For this son of foreign-language teachers, best known for novels about English attitudes to France, Pozzi became an exemplar of anti-chauvinist sentiment. He now assumes the starring role in a generally star-studded account of Anglo-French relations during la belle époque, when the two cultures collaborated on some things (the figure of “the dandy”) and butted heads on others (the French could never stop bashing the figure of the “Englishwoman”). Barnes takes as his starting point a visit that Pozzi and a couple of friends paid to London in 1885, to shop and to sample “aestheticism”, a sojourn that featured appearances from Henry James and Whistler before being cut short – for Pozzi at least – by the needs of one of his clients, Alexandre Dumas’s wife.

I cannot say that I approached The Man in the Red Coat with much optimism, having resisted this writer’s previous forays into the storied past and found little to enjoy or admire in any of the 11 books (four novels, two collections of stories, two memoirs, three collections of essays) that he has published since Something to Declare, in 2002. But The Man in the Red Coat earns a place in the Barnes pantheon alongside Before She Met Me (1982), Flaubert’s Parrot (1984), and the eccentric Staring at the Sun (1986) and Talking it Over (1991), and I’m not sure it doesn’t perch – to borrow a parrotic metaphor – a little higher than all of them.

It is certainly a return to form – or, rather, to freedom from formal constraint, resembling a non-fiction Flaubert’s Parrot in its unanxious fealty to what might be interesting or tickling.

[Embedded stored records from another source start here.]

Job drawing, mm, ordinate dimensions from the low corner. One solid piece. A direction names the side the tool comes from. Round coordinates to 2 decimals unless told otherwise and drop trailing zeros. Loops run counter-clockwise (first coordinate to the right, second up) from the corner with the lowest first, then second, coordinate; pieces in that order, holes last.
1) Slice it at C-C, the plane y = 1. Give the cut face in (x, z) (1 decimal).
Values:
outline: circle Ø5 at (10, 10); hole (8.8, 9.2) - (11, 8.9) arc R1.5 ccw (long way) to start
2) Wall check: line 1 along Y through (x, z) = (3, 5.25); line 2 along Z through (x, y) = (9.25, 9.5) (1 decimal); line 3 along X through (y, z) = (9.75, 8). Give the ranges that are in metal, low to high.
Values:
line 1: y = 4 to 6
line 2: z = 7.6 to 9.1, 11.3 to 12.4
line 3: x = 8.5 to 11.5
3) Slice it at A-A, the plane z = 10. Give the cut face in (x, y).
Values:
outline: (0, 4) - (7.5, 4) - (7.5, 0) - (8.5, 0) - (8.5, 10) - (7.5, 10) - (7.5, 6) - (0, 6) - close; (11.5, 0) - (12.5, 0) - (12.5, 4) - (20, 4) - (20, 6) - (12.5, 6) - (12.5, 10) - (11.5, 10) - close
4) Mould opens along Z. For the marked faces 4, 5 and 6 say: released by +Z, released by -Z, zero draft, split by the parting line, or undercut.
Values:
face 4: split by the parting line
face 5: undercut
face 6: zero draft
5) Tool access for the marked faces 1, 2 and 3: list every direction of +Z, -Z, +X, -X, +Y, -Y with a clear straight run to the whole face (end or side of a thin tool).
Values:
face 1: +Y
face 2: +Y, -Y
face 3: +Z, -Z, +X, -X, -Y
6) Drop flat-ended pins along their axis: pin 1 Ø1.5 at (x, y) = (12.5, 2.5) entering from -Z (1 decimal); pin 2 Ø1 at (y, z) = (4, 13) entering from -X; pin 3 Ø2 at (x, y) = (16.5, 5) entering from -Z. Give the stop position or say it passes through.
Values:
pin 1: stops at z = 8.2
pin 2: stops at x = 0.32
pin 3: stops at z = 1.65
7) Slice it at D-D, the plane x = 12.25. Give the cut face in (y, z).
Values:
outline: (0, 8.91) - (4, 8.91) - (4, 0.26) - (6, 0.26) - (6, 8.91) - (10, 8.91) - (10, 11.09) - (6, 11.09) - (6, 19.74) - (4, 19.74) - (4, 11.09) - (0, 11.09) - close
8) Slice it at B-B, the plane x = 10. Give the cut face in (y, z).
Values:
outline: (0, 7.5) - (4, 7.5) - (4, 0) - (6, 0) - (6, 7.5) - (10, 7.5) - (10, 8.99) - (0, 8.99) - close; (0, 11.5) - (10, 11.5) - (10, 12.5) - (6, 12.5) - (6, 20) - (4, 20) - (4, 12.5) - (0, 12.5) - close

Titled digressions include “Five Glimpses of Pozzi” and “How to Treat Your Literary (and Social) Inferiors”. Occasionally, without throat-clearing or apology or explanation, Barnes will issue a pronouncement like “the Goncourt Journal is one of the great documents of the age”, and away we go.

The Man in the Red Coat isn’t free of its author’s bad habits. He seems unable to resist pedantries like “because of, or despite”, or to avoid calling Sargent “a magnificent painter; also, a painter of magnificence” or Sarah Bernhardt “an actress with a new kind of naturalness (though, naturally, a naturalness that was entirely controlled)”. When he refers to the “swaggery art critic Robert Hughes”, you want to say that as a writer on painting and as a writer of prose, Barnes isn’t fit to polish Hughes’s biker jacket or reposition his bow-tie. But for the most part the sheer amount of material that Barnes wants to get through – the weight of anecdote – limits the opportunities for snideness and show-boating.

The lack of a subtitle or introduction or any clue to intentions is telling. Anything may be included or excluded. Why, you sometimes wonder, are we reading about duels and operations, but not bombs, or coups d’état, or the Eiffel Tower, or Haussmann, or expositions, or the Moulin Rouge, or the parliament, or the Church, or labour disputes, or the economy? There isn’t an index or note on sources, but I’m pretty sure Barnes doesn’t mention any of the subjects covered in The Banquet Years, Roger Shattuck’s classic 1955 book on the Parisian fin-de-siècle: Alfred Jarry, Henri Rousseau, Erik Satie, Apollinaire.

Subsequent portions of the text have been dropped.